(Entries taken from a collection)
────────────────────────────────────────

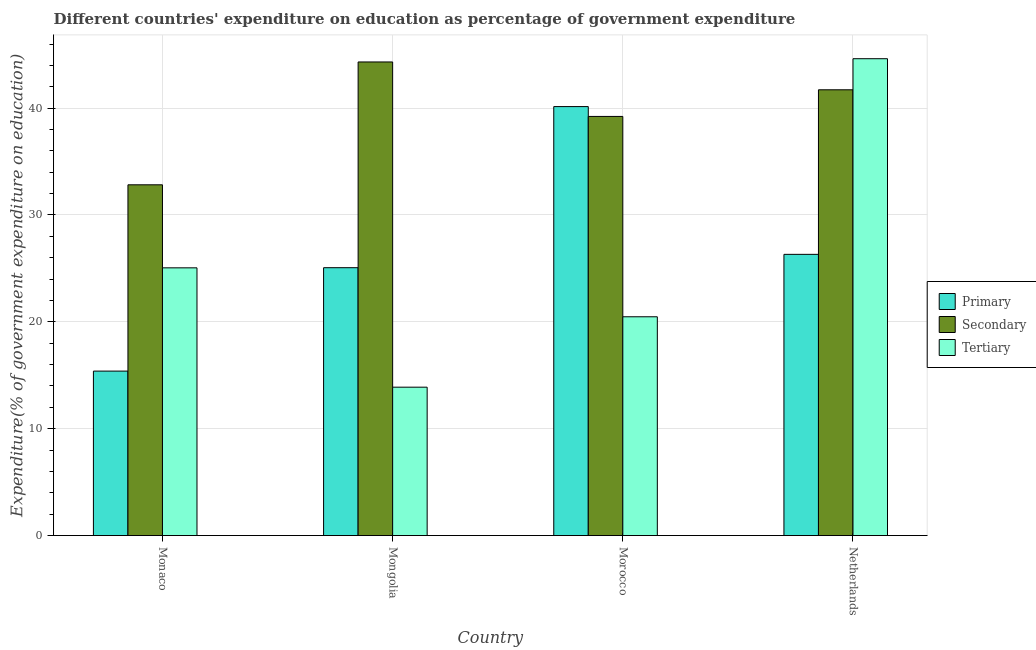How many different coloured bars are there?
Offer a very short reply. 3. Are the number of bars per tick equal to the number of legend labels?
Provide a short and direct response. Yes. Are the number of bars on each tick of the X-axis equal?
Your answer should be compact. Yes. How many bars are there on the 3rd tick from the right?
Provide a short and direct response. 3. What is the label of the 3rd group of bars from the left?
Keep it short and to the point. Morocco. In how many cases, is the number of bars for a given country not equal to the number of legend labels?
Your answer should be compact. 0. What is the expenditure on secondary education in Monaco?
Ensure brevity in your answer.  32.83. Across all countries, what is the maximum expenditure on tertiary education?
Ensure brevity in your answer.  44.63. Across all countries, what is the minimum expenditure on primary education?
Make the answer very short. 15.39. In which country was the expenditure on tertiary education maximum?
Your answer should be compact. Netherlands. In which country was the expenditure on secondary education minimum?
Your response must be concise. Monaco. What is the total expenditure on primary education in the graph?
Your answer should be compact. 106.92. What is the difference between the expenditure on secondary education in Mongolia and that in Netherlands?
Your response must be concise. 2.6. What is the difference between the expenditure on secondary education in Morocco and the expenditure on primary education in Monaco?
Your response must be concise. 23.83. What is the average expenditure on primary education per country?
Keep it short and to the point. 26.73. What is the difference between the expenditure on primary education and expenditure on tertiary education in Netherlands?
Offer a terse response. -18.31. What is the ratio of the expenditure on primary education in Monaco to that in Netherlands?
Provide a succinct answer. 0.58. Is the expenditure on primary education in Monaco less than that in Morocco?
Keep it short and to the point. Yes. Is the difference between the expenditure on primary education in Mongolia and Netherlands greater than the difference between the expenditure on secondary education in Mongolia and Netherlands?
Ensure brevity in your answer.  No. What is the difference between the highest and the second highest expenditure on tertiary education?
Give a very brief answer. 19.57. What is the difference between the highest and the lowest expenditure on tertiary education?
Your answer should be compact. 30.74. In how many countries, is the expenditure on secondary education greater than the average expenditure on secondary education taken over all countries?
Keep it short and to the point. 2. What does the 1st bar from the left in Morocco represents?
Keep it short and to the point. Primary. What does the 3rd bar from the right in Netherlands represents?
Your answer should be compact. Primary. Are all the bars in the graph horizontal?
Give a very brief answer. No. How many countries are there in the graph?
Provide a short and direct response. 4. What is the difference between two consecutive major ticks on the Y-axis?
Make the answer very short. 10. Are the values on the major ticks of Y-axis written in scientific E-notation?
Provide a short and direct response. No. What is the title of the graph?
Your response must be concise. Different countries' expenditure on education as percentage of government expenditure. Does "Poland" appear as one of the legend labels in the graph?
Keep it short and to the point. No. What is the label or title of the X-axis?
Your response must be concise. Country. What is the label or title of the Y-axis?
Give a very brief answer. Expenditure(% of government expenditure on education). What is the Expenditure(% of government expenditure on education) of Primary in Monaco?
Give a very brief answer. 15.39. What is the Expenditure(% of government expenditure on education) in Secondary in Monaco?
Offer a very short reply. 32.83. What is the Expenditure(% of government expenditure on education) in Tertiary in Monaco?
Give a very brief answer. 25.05. What is the Expenditure(% of government expenditure on education) in Primary in Mongolia?
Offer a terse response. 25.07. What is the Expenditure(% of government expenditure on education) of Secondary in Mongolia?
Make the answer very short. 44.32. What is the Expenditure(% of government expenditure on education) in Tertiary in Mongolia?
Provide a succinct answer. 13.89. What is the Expenditure(% of government expenditure on education) of Primary in Morocco?
Provide a short and direct response. 40.15. What is the Expenditure(% of government expenditure on education) of Secondary in Morocco?
Ensure brevity in your answer.  39.22. What is the Expenditure(% of government expenditure on education) of Tertiary in Morocco?
Offer a very short reply. 20.47. What is the Expenditure(% of government expenditure on education) in Primary in Netherlands?
Keep it short and to the point. 26.32. What is the Expenditure(% of government expenditure on education) of Secondary in Netherlands?
Keep it short and to the point. 41.72. What is the Expenditure(% of government expenditure on education) of Tertiary in Netherlands?
Offer a terse response. 44.63. Across all countries, what is the maximum Expenditure(% of government expenditure on education) of Primary?
Your response must be concise. 40.15. Across all countries, what is the maximum Expenditure(% of government expenditure on education) of Secondary?
Offer a terse response. 44.32. Across all countries, what is the maximum Expenditure(% of government expenditure on education) in Tertiary?
Keep it short and to the point. 44.63. Across all countries, what is the minimum Expenditure(% of government expenditure on education) of Primary?
Keep it short and to the point. 15.39. Across all countries, what is the minimum Expenditure(% of government expenditure on education) of Secondary?
Keep it short and to the point. 32.83. Across all countries, what is the minimum Expenditure(% of government expenditure on education) of Tertiary?
Provide a short and direct response. 13.89. What is the total Expenditure(% of government expenditure on education) in Primary in the graph?
Offer a very short reply. 106.92. What is the total Expenditure(% of government expenditure on education) in Secondary in the graph?
Provide a short and direct response. 158.09. What is the total Expenditure(% of government expenditure on education) in Tertiary in the graph?
Provide a short and direct response. 104.04. What is the difference between the Expenditure(% of government expenditure on education) of Primary in Monaco and that in Mongolia?
Give a very brief answer. -9.68. What is the difference between the Expenditure(% of government expenditure on education) in Secondary in Monaco and that in Mongolia?
Make the answer very short. -11.5. What is the difference between the Expenditure(% of government expenditure on education) of Tertiary in Monaco and that in Mongolia?
Your answer should be very brief. 11.17. What is the difference between the Expenditure(% of government expenditure on education) in Primary in Monaco and that in Morocco?
Keep it short and to the point. -24.75. What is the difference between the Expenditure(% of government expenditure on education) in Secondary in Monaco and that in Morocco?
Provide a succinct answer. -6.4. What is the difference between the Expenditure(% of government expenditure on education) of Tertiary in Monaco and that in Morocco?
Provide a succinct answer. 4.58. What is the difference between the Expenditure(% of government expenditure on education) in Primary in Monaco and that in Netherlands?
Your answer should be compact. -10.93. What is the difference between the Expenditure(% of government expenditure on education) of Secondary in Monaco and that in Netherlands?
Your response must be concise. -8.89. What is the difference between the Expenditure(% of government expenditure on education) in Tertiary in Monaco and that in Netherlands?
Make the answer very short. -19.57. What is the difference between the Expenditure(% of government expenditure on education) of Primary in Mongolia and that in Morocco?
Provide a short and direct response. -15.08. What is the difference between the Expenditure(% of government expenditure on education) in Secondary in Mongolia and that in Morocco?
Your response must be concise. 5.1. What is the difference between the Expenditure(% of government expenditure on education) of Tertiary in Mongolia and that in Morocco?
Your response must be concise. -6.59. What is the difference between the Expenditure(% of government expenditure on education) of Primary in Mongolia and that in Netherlands?
Your answer should be compact. -1.25. What is the difference between the Expenditure(% of government expenditure on education) of Secondary in Mongolia and that in Netherlands?
Your answer should be very brief. 2.6. What is the difference between the Expenditure(% of government expenditure on education) in Tertiary in Mongolia and that in Netherlands?
Provide a short and direct response. -30.74. What is the difference between the Expenditure(% of government expenditure on education) of Primary in Morocco and that in Netherlands?
Keep it short and to the point. 13.83. What is the difference between the Expenditure(% of government expenditure on education) of Secondary in Morocco and that in Netherlands?
Offer a terse response. -2.49. What is the difference between the Expenditure(% of government expenditure on education) of Tertiary in Morocco and that in Netherlands?
Give a very brief answer. -24.15. What is the difference between the Expenditure(% of government expenditure on education) of Primary in Monaco and the Expenditure(% of government expenditure on education) of Secondary in Mongolia?
Keep it short and to the point. -28.93. What is the difference between the Expenditure(% of government expenditure on education) of Primary in Monaco and the Expenditure(% of government expenditure on education) of Tertiary in Mongolia?
Make the answer very short. 1.5. What is the difference between the Expenditure(% of government expenditure on education) of Secondary in Monaco and the Expenditure(% of government expenditure on education) of Tertiary in Mongolia?
Offer a terse response. 18.94. What is the difference between the Expenditure(% of government expenditure on education) in Primary in Monaco and the Expenditure(% of government expenditure on education) in Secondary in Morocco?
Ensure brevity in your answer.  -23.83. What is the difference between the Expenditure(% of government expenditure on education) in Primary in Monaco and the Expenditure(% of government expenditure on education) in Tertiary in Morocco?
Make the answer very short. -5.08. What is the difference between the Expenditure(% of government expenditure on education) in Secondary in Monaco and the Expenditure(% of government expenditure on education) in Tertiary in Morocco?
Keep it short and to the point. 12.35. What is the difference between the Expenditure(% of government expenditure on education) of Primary in Monaco and the Expenditure(% of government expenditure on education) of Secondary in Netherlands?
Provide a succinct answer. -26.33. What is the difference between the Expenditure(% of government expenditure on education) of Primary in Monaco and the Expenditure(% of government expenditure on education) of Tertiary in Netherlands?
Make the answer very short. -29.23. What is the difference between the Expenditure(% of government expenditure on education) in Secondary in Monaco and the Expenditure(% of government expenditure on education) in Tertiary in Netherlands?
Ensure brevity in your answer.  -11.8. What is the difference between the Expenditure(% of government expenditure on education) in Primary in Mongolia and the Expenditure(% of government expenditure on education) in Secondary in Morocco?
Your answer should be compact. -14.16. What is the difference between the Expenditure(% of government expenditure on education) of Primary in Mongolia and the Expenditure(% of government expenditure on education) of Tertiary in Morocco?
Provide a succinct answer. 4.59. What is the difference between the Expenditure(% of government expenditure on education) of Secondary in Mongolia and the Expenditure(% of government expenditure on education) of Tertiary in Morocco?
Provide a succinct answer. 23.85. What is the difference between the Expenditure(% of government expenditure on education) of Primary in Mongolia and the Expenditure(% of government expenditure on education) of Secondary in Netherlands?
Keep it short and to the point. -16.65. What is the difference between the Expenditure(% of government expenditure on education) in Primary in Mongolia and the Expenditure(% of government expenditure on education) in Tertiary in Netherlands?
Provide a short and direct response. -19.56. What is the difference between the Expenditure(% of government expenditure on education) in Secondary in Mongolia and the Expenditure(% of government expenditure on education) in Tertiary in Netherlands?
Ensure brevity in your answer.  -0.3. What is the difference between the Expenditure(% of government expenditure on education) in Primary in Morocco and the Expenditure(% of government expenditure on education) in Secondary in Netherlands?
Your response must be concise. -1.57. What is the difference between the Expenditure(% of government expenditure on education) of Primary in Morocco and the Expenditure(% of government expenditure on education) of Tertiary in Netherlands?
Your response must be concise. -4.48. What is the difference between the Expenditure(% of government expenditure on education) of Secondary in Morocco and the Expenditure(% of government expenditure on education) of Tertiary in Netherlands?
Your response must be concise. -5.4. What is the average Expenditure(% of government expenditure on education) of Primary per country?
Make the answer very short. 26.73. What is the average Expenditure(% of government expenditure on education) in Secondary per country?
Your response must be concise. 39.52. What is the average Expenditure(% of government expenditure on education) of Tertiary per country?
Offer a very short reply. 26.01. What is the difference between the Expenditure(% of government expenditure on education) of Primary and Expenditure(% of government expenditure on education) of Secondary in Monaco?
Give a very brief answer. -17.43. What is the difference between the Expenditure(% of government expenditure on education) of Primary and Expenditure(% of government expenditure on education) of Tertiary in Monaco?
Ensure brevity in your answer.  -9.66. What is the difference between the Expenditure(% of government expenditure on education) in Secondary and Expenditure(% of government expenditure on education) in Tertiary in Monaco?
Your answer should be very brief. 7.77. What is the difference between the Expenditure(% of government expenditure on education) of Primary and Expenditure(% of government expenditure on education) of Secondary in Mongolia?
Ensure brevity in your answer.  -19.25. What is the difference between the Expenditure(% of government expenditure on education) of Primary and Expenditure(% of government expenditure on education) of Tertiary in Mongolia?
Provide a short and direct response. 11.18. What is the difference between the Expenditure(% of government expenditure on education) in Secondary and Expenditure(% of government expenditure on education) in Tertiary in Mongolia?
Your answer should be compact. 30.43. What is the difference between the Expenditure(% of government expenditure on education) in Primary and Expenditure(% of government expenditure on education) in Secondary in Morocco?
Your answer should be very brief. 0.92. What is the difference between the Expenditure(% of government expenditure on education) in Primary and Expenditure(% of government expenditure on education) in Tertiary in Morocco?
Keep it short and to the point. 19.67. What is the difference between the Expenditure(% of government expenditure on education) in Secondary and Expenditure(% of government expenditure on education) in Tertiary in Morocco?
Offer a very short reply. 18.75. What is the difference between the Expenditure(% of government expenditure on education) in Primary and Expenditure(% of government expenditure on education) in Secondary in Netherlands?
Offer a terse response. -15.4. What is the difference between the Expenditure(% of government expenditure on education) in Primary and Expenditure(% of government expenditure on education) in Tertiary in Netherlands?
Offer a terse response. -18.31. What is the difference between the Expenditure(% of government expenditure on education) of Secondary and Expenditure(% of government expenditure on education) of Tertiary in Netherlands?
Provide a succinct answer. -2.91. What is the ratio of the Expenditure(% of government expenditure on education) of Primary in Monaco to that in Mongolia?
Provide a succinct answer. 0.61. What is the ratio of the Expenditure(% of government expenditure on education) of Secondary in Monaco to that in Mongolia?
Provide a short and direct response. 0.74. What is the ratio of the Expenditure(% of government expenditure on education) of Tertiary in Monaco to that in Mongolia?
Your response must be concise. 1.8. What is the ratio of the Expenditure(% of government expenditure on education) in Primary in Monaco to that in Morocco?
Ensure brevity in your answer.  0.38. What is the ratio of the Expenditure(% of government expenditure on education) in Secondary in Monaco to that in Morocco?
Your answer should be very brief. 0.84. What is the ratio of the Expenditure(% of government expenditure on education) in Tertiary in Monaco to that in Morocco?
Offer a very short reply. 1.22. What is the ratio of the Expenditure(% of government expenditure on education) of Primary in Monaco to that in Netherlands?
Ensure brevity in your answer.  0.58. What is the ratio of the Expenditure(% of government expenditure on education) of Secondary in Monaco to that in Netherlands?
Provide a short and direct response. 0.79. What is the ratio of the Expenditure(% of government expenditure on education) in Tertiary in Monaco to that in Netherlands?
Provide a short and direct response. 0.56. What is the ratio of the Expenditure(% of government expenditure on education) in Primary in Mongolia to that in Morocco?
Make the answer very short. 0.62. What is the ratio of the Expenditure(% of government expenditure on education) of Secondary in Mongolia to that in Morocco?
Offer a very short reply. 1.13. What is the ratio of the Expenditure(% of government expenditure on education) of Tertiary in Mongolia to that in Morocco?
Give a very brief answer. 0.68. What is the ratio of the Expenditure(% of government expenditure on education) in Primary in Mongolia to that in Netherlands?
Make the answer very short. 0.95. What is the ratio of the Expenditure(% of government expenditure on education) in Secondary in Mongolia to that in Netherlands?
Ensure brevity in your answer.  1.06. What is the ratio of the Expenditure(% of government expenditure on education) of Tertiary in Mongolia to that in Netherlands?
Your answer should be very brief. 0.31. What is the ratio of the Expenditure(% of government expenditure on education) in Primary in Morocco to that in Netherlands?
Provide a succinct answer. 1.53. What is the ratio of the Expenditure(% of government expenditure on education) of Secondary in Morocco to that in Netherlands?
Offer a terse response. 0.94. What is the ratio of the Expenditure(% of government expenditure on education) in Tertiary in Morocco to that in Netherlands?
Give a very brief answer. 0.46. What is the difference between the highest and the second highest Expenditure(% of government expenditure on education) in Primary?
Keep it short and to the point. 13.83. What is the difference between the highest and the second highest Expenditure(% of government expenditure on education) in Secondary?
Offer a very short reply. 2.6. What is the difference between the highest and the second highest Expenditure(% of government expenditure on education) of Tertiary?
Your answer should be very brief. 19.57. What is the difference between the highest and the lowest Expenditure(% of government expenditure on education) of Primary?
Make the answer very short. 24.75. What is the difference between the highest and the lowest Expenditure(% of government expenditure on education) of Secondary?
Give a very brief answer. 11.5. What is the difference between the highest and the lowest Expenditure(% of government expenditure on education) in Tertiary?
Provide a short and direct response. 30.74.

────────────────────────────────────────

Aim of the task
Please return all lines from the records that hold the word "major".

Worked solution
Provide a short and direct response. 4. What is the difference between two consecutive major ticks on the Y-axis?
Make the answer very short. 10. Are the values on the major ticks of Y-axis written in scientific E-notation?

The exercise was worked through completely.